Filter this data down to the lines that hold "made", and copy them.

»»

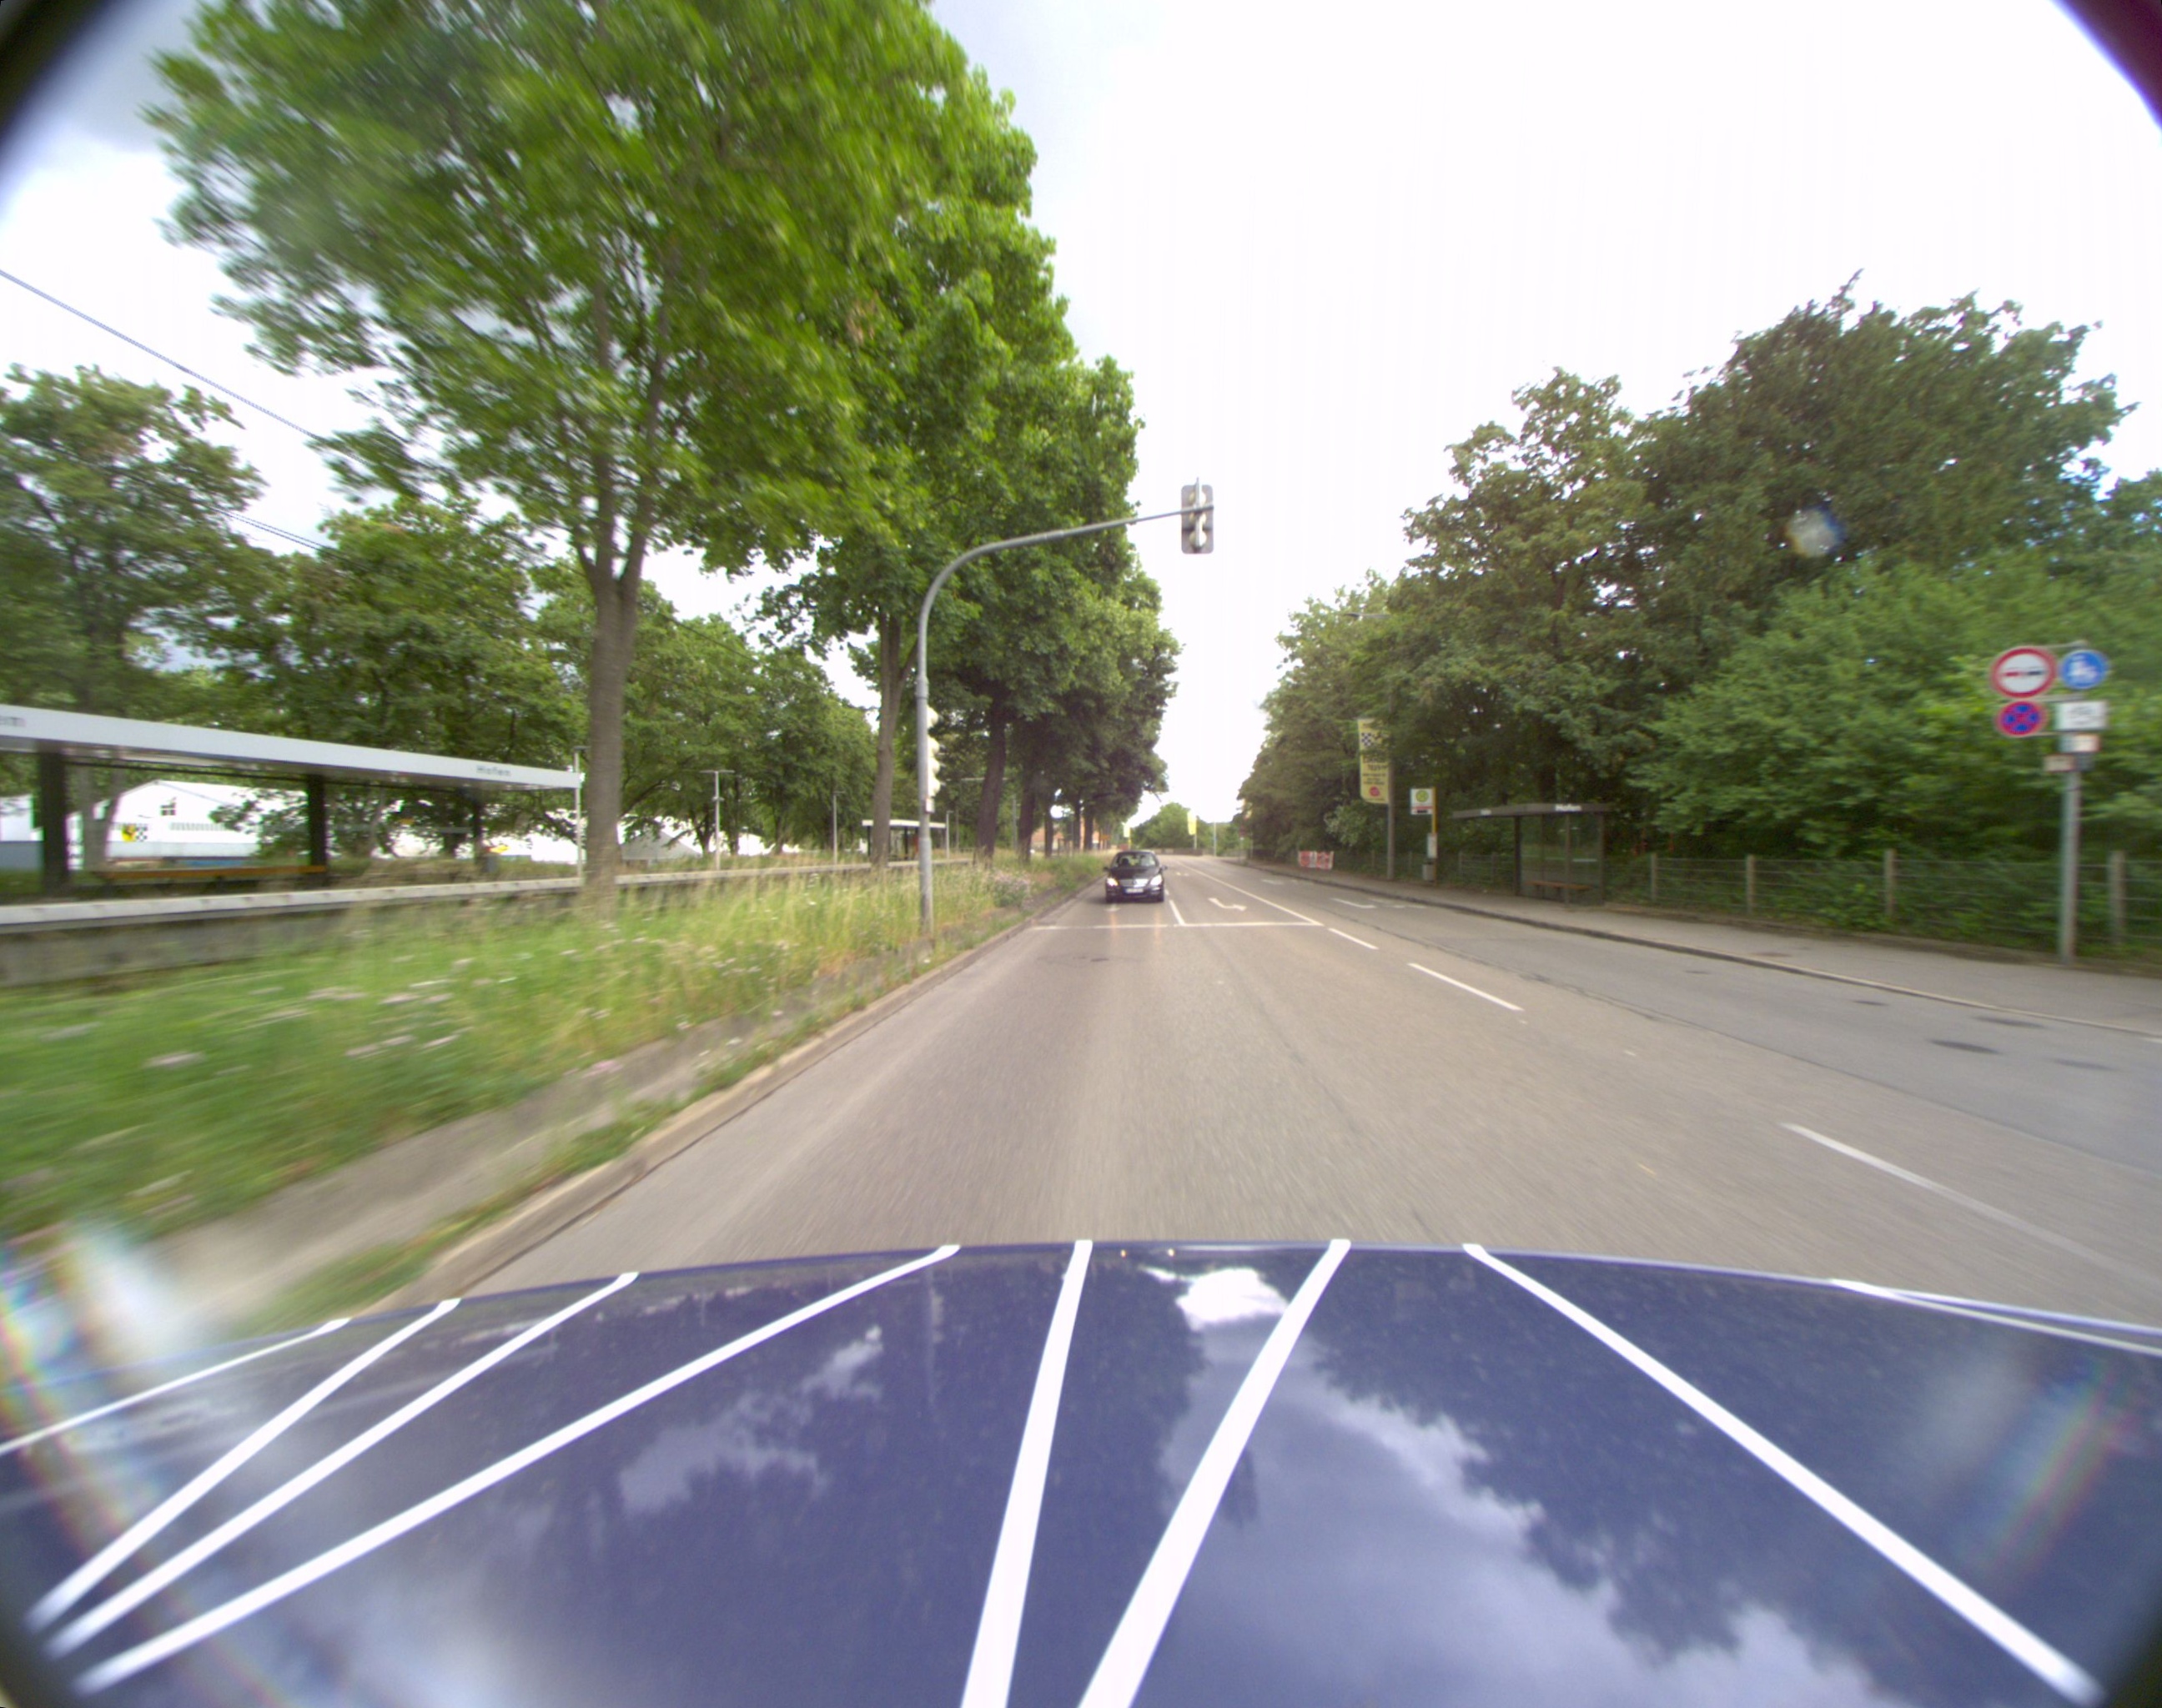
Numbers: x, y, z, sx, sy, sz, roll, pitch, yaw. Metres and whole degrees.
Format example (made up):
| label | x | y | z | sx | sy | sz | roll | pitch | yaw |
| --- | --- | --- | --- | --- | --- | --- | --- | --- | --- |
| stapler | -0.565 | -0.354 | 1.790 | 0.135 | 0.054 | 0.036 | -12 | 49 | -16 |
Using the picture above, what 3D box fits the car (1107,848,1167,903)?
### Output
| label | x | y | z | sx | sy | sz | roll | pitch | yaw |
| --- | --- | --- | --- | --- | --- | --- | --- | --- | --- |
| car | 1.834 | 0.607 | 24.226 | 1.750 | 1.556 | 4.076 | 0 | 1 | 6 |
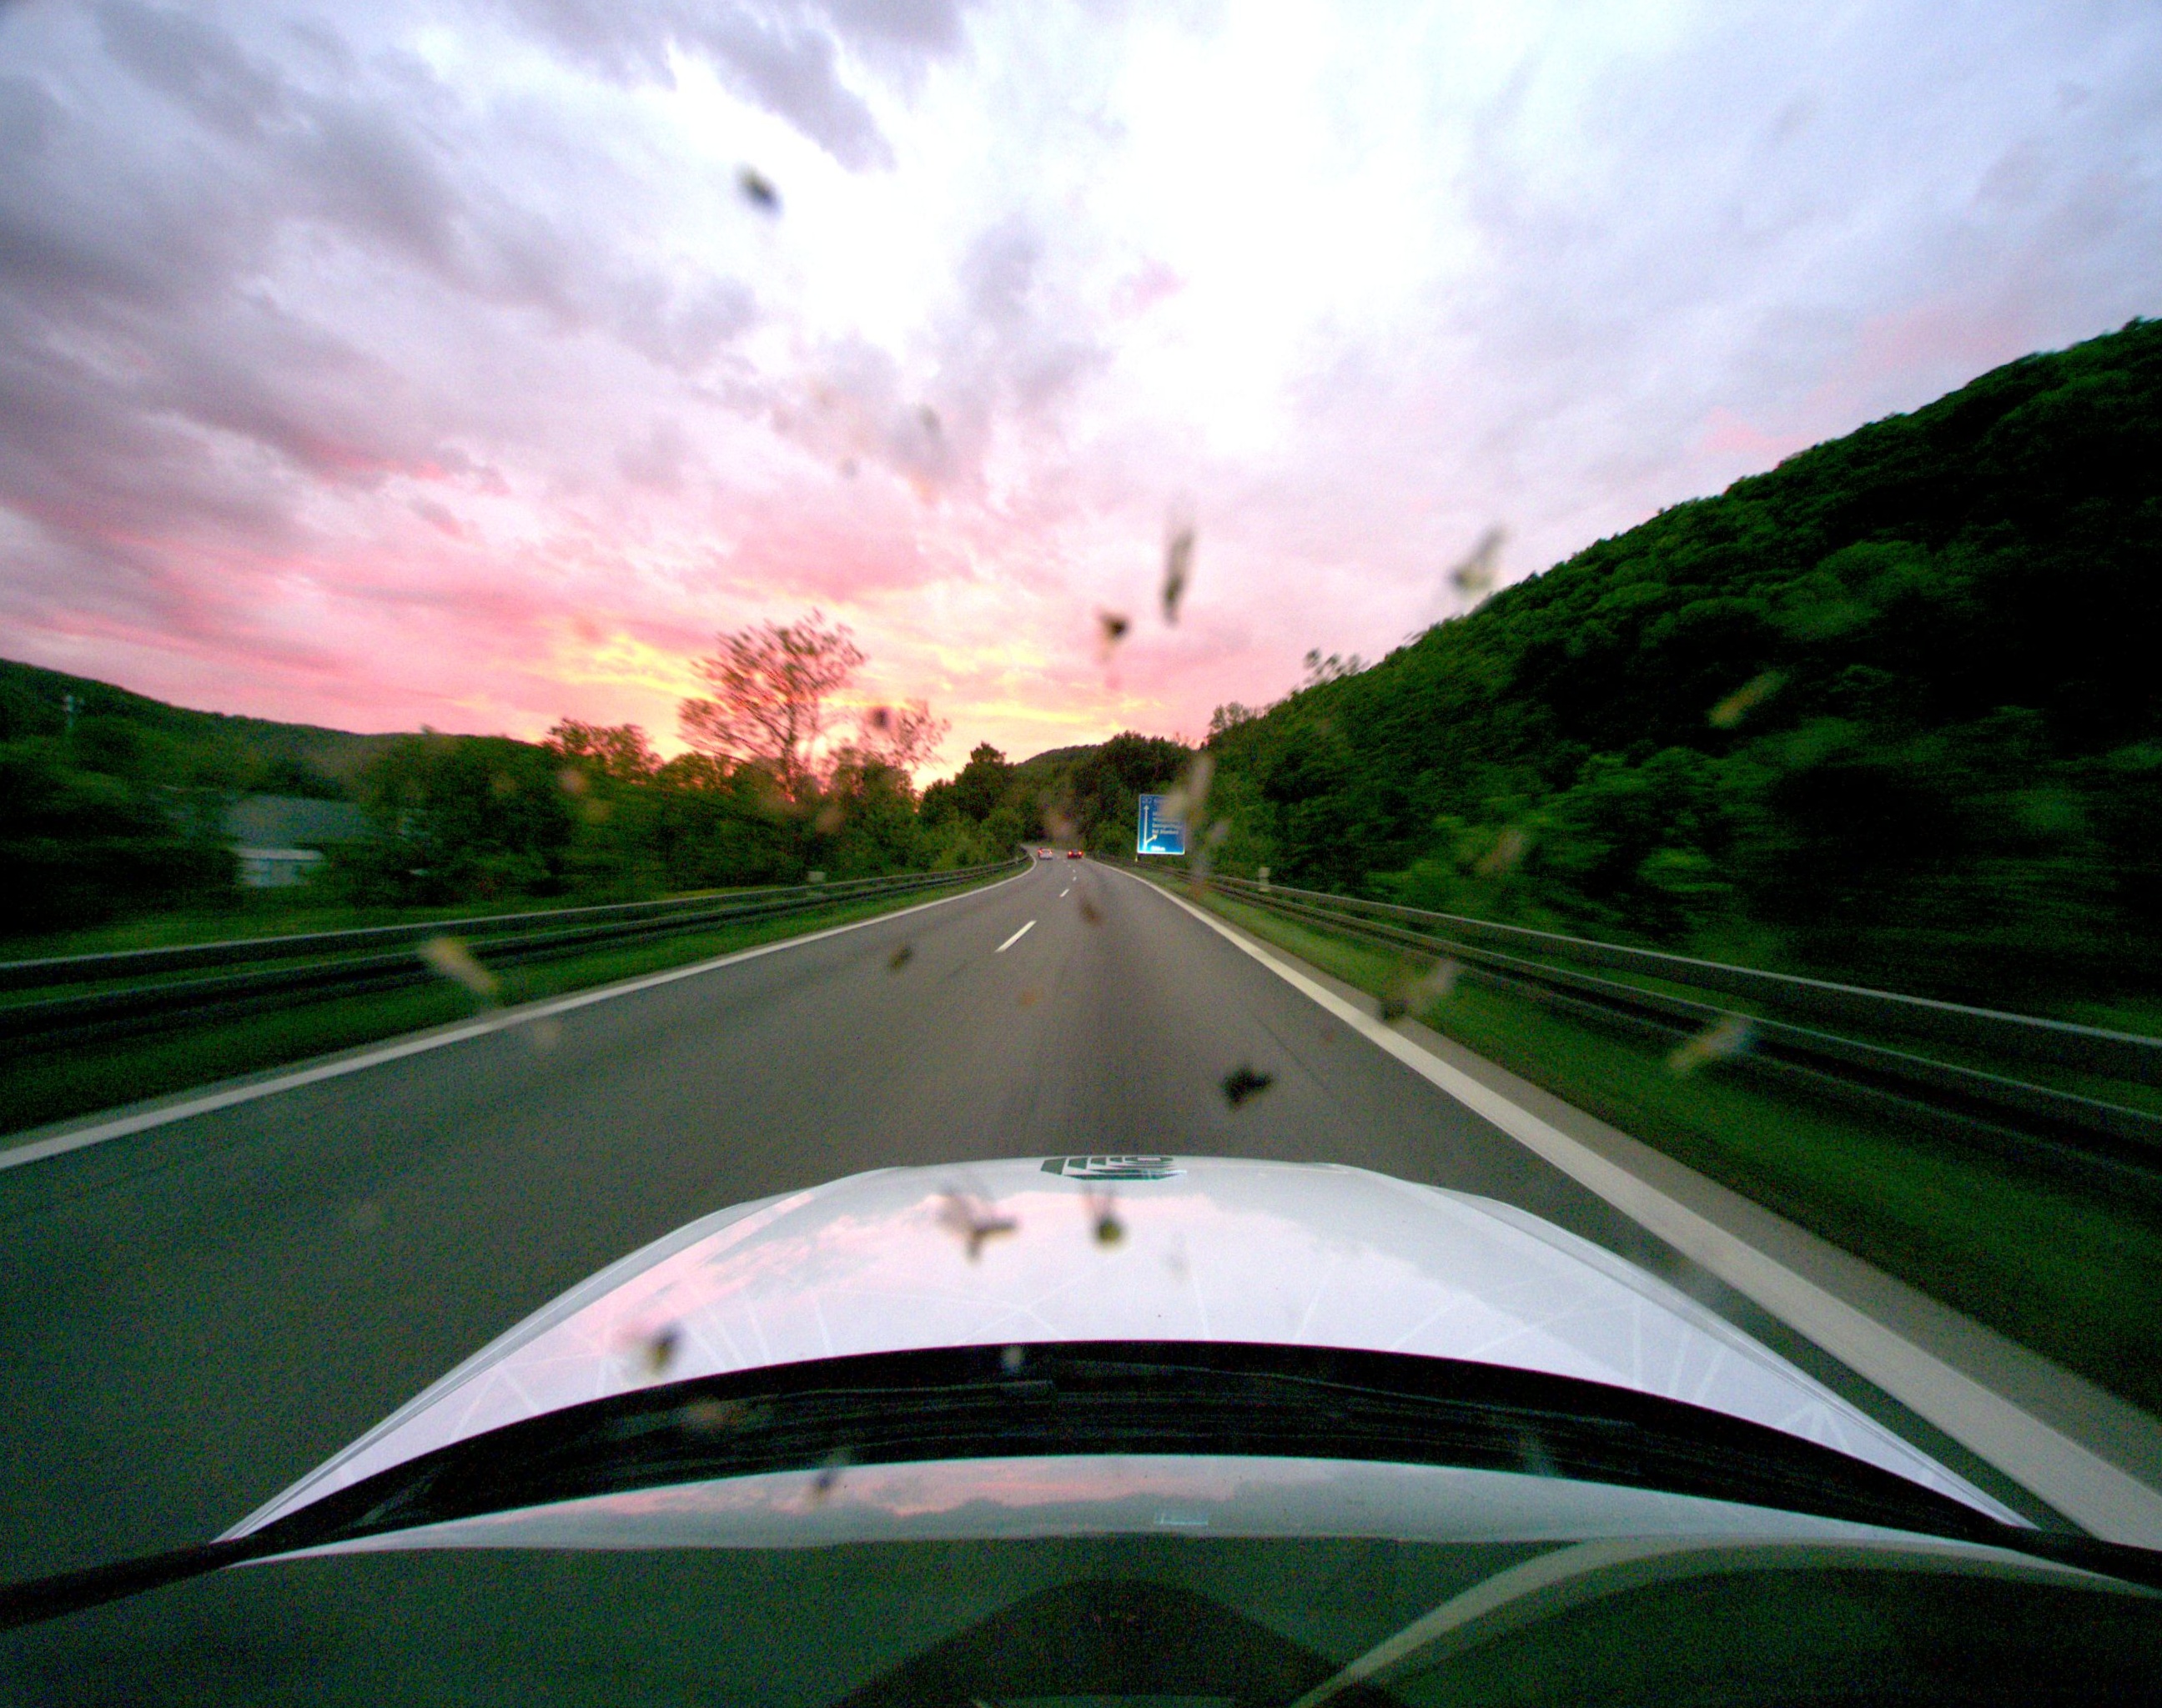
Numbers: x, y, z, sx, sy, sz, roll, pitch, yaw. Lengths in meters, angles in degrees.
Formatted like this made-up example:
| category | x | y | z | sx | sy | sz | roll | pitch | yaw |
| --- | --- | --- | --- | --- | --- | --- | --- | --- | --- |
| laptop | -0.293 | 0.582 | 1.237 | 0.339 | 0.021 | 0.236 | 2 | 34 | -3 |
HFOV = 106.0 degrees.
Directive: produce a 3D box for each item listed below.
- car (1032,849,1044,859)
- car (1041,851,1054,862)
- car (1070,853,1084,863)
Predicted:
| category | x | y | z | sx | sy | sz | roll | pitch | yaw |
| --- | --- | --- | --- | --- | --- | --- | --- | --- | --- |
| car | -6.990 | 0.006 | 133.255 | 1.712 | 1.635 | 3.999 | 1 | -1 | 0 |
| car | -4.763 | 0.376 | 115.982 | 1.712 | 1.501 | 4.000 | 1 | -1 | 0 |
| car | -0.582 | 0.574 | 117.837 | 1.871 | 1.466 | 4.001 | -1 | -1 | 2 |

««

• _TASK RESULT_
Format example (made up):
Formatted like this made-up example:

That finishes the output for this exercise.